= REQUIRED ACTION =
Which lines of the records below contain the word "Numbers"? Copy each of them out.

= DATASET RECORDS =
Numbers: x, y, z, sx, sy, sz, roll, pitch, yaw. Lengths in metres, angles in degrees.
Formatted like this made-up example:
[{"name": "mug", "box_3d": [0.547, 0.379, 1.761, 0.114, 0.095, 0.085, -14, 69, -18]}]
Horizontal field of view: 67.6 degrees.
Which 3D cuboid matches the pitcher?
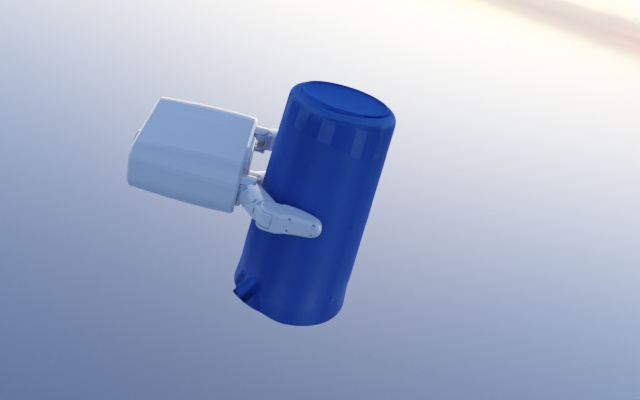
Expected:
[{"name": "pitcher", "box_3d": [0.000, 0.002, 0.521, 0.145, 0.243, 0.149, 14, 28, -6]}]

---

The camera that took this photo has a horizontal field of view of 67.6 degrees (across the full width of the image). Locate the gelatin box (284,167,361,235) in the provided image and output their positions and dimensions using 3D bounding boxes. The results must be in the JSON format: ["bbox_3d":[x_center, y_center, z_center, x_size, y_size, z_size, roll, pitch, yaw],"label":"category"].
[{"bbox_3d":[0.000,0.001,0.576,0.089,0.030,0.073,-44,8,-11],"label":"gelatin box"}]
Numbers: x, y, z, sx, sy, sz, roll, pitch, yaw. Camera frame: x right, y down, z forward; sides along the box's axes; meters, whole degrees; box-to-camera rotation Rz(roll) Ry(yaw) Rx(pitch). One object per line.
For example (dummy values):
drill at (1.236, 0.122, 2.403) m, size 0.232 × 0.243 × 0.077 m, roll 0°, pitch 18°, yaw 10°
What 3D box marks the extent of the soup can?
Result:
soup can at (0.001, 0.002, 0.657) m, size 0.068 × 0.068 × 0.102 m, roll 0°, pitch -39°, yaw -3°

= RESPONSE AREA =
Numbers: x, y, z, sx, sy, sz, roll, pitch, yaw. Lengths in metres, angles in degrees.
Numbers: x, y, z, sx, sy, sz, roll, pitch, yaw. Camera frame: x right, y down, z forward; sides along the box's axes; meters, whole degrees; box-to-camera rotation Rz(roll) Ry(yaw) Rx(pitch). One object per line.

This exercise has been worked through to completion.